In this the ‘Year of Return’, and Ghana’s fully embracing the 400 year anniversary since so many Africans were snatched from the Coast of Guinea and brought to America and the Caribbean, Johnson is an epitome of a man returning to the source. From visitor to resident, bringing a skill set and an enthusiasm. Johnson is fully entrenched in Ghanaian culture.

“I was one of those who came from the U.S. with all of my books and my videos and thinking that I could spread some of the things we’d learned over the years in our study group meetings, and serious African study movement, with people like Cheikh Anta Diop and Asa Hilliard, John Henrik Clarke who influenced a lot of us. You really have to start with the youth because there’s really a lot of bad socialization that has gone on with the youth both here and in the U.S. in the minds of African people. It is easier to implant it in the beginning.”

Jerry Johnson’s passion, his raison d’etre is instituting an under established African history as common, everyday knowledge.

He told the Amsterdam News, “We do walkthroughs, and more and more people from the U.S. are coming through.”

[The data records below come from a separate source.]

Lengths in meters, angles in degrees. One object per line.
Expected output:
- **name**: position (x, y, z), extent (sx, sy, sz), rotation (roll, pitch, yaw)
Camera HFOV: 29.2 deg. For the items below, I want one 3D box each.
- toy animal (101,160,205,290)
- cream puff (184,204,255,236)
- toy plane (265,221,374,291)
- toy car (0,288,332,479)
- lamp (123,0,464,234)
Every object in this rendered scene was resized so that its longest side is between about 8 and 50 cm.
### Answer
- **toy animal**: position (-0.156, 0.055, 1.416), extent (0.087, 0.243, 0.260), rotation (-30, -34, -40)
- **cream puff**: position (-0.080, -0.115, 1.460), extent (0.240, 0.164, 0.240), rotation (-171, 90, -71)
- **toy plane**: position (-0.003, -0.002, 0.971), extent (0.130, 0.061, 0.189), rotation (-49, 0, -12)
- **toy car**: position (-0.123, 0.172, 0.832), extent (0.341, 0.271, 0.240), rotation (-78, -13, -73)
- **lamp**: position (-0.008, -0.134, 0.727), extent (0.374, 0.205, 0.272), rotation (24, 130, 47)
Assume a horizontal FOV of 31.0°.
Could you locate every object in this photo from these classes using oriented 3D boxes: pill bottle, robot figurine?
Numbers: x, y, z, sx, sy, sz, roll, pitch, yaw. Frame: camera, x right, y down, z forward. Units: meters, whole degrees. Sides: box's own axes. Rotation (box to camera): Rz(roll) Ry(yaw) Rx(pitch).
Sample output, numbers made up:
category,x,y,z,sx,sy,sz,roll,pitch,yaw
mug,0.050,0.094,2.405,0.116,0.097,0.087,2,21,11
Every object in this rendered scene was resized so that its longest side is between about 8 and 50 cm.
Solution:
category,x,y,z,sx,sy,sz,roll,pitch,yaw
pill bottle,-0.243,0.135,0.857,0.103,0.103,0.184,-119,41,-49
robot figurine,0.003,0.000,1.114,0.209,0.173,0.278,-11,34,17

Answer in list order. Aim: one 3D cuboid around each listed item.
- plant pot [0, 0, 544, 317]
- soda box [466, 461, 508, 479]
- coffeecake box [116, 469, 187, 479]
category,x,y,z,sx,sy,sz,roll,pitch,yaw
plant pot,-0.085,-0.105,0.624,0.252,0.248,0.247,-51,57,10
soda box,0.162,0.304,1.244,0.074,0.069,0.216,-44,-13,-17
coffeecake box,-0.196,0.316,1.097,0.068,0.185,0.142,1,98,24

The location is very, very calming. “This should be a place you come when you first come here to Ghana. It is a nice transition when you first come.”

Johnson’s parting words are an axiom to live by indeed; “The objective is to create the Africans we need to solve the problems that we have,” he said. “We are Garveyites, so we know we have to build something powerful in the world.”